Просыхая, дымилась стены. В избе запаяло жилым духом.

— Вот здорово, а? Хоть университет открывай! — оглядывая разукрашенные плакатами стены, радостно заключил Яркин.

До полуночи мигали теперь приветные огоньки в хате-лаборатории, парни и девушки расходились отсюда запоздно. Иногда забредал дед Харитон, слушал, вытягивая худую, как у ощипанной курицы, шею.

— Как это ты сказываешь: перфосфат? — прервал он как-то Груню и озабоченно покачал головой. — Нашей Ефросинье ты этой самой перфосфатой всю голову забила. Ночь, в полночь проснешься, а она, знай, бубнит: «Перфосфат, перфосфат…» Ну, что это за штука такая?

— Суперфосфат — удобрение такое, дедушка, — пояснила Груня, — от него урожай бывает большой. Одно из лучших удобрений в агротехнике!

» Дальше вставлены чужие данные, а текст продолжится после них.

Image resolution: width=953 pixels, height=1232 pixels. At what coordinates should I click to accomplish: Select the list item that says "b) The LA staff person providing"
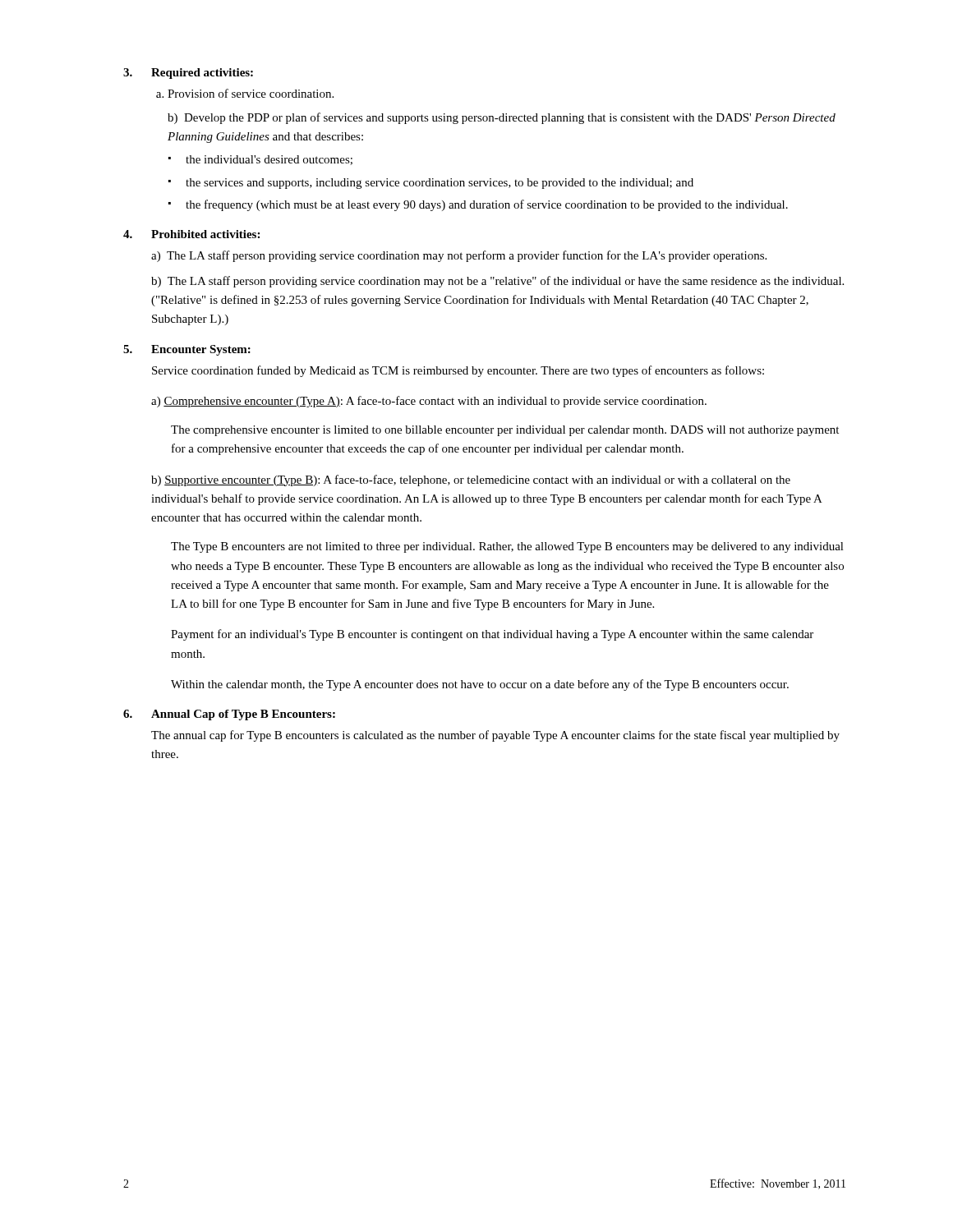[498, 300]

— Я, девка, этой самой агротехникой скрозь пропах, сызмальства в земле ковыряюсь… По-моему, сыпь в нее поболе назьма — она и уродит, чего ее изучать, землю-то!.. Я окрест каждую плешинку знаю, каждый бугор вспомню, как споткнусь…

— Вот мы, дедушка, и изучаем, чтоб, не спотыкаясь, большие урожаи брать, — ответила Груня.

Все смеялись.

— А сейчас я вам расскажу о группе корнеотпрысковых сорняков…

В хате снова наступила тишина, шуршали по тетрадям и блокнотам карандаши.

Неровный румянец жег Грунины щеки, она терялась от жадной любознательности комсомольцев, ловивших каждое ее слово. Чтобы ответить на иной вопрос, ей приходилось часто просиживать ночи над книжками. Чувство своей нужности всем родило в ней постоянную тревогу, будто кто-то большой и сильный каждый день наблюдал за ее работой.

В один из воскресных вечеров девушки собрались в хате-лаборатории перебирать зерно, сдвинули в ряд три стола, насыпали на каждом по небольшому холмику пшеницы и хлопотливой стайкой расселись кругом. Зеленые воронки абажуров лили ровный свет, черные круги их теней покачивались на потолке.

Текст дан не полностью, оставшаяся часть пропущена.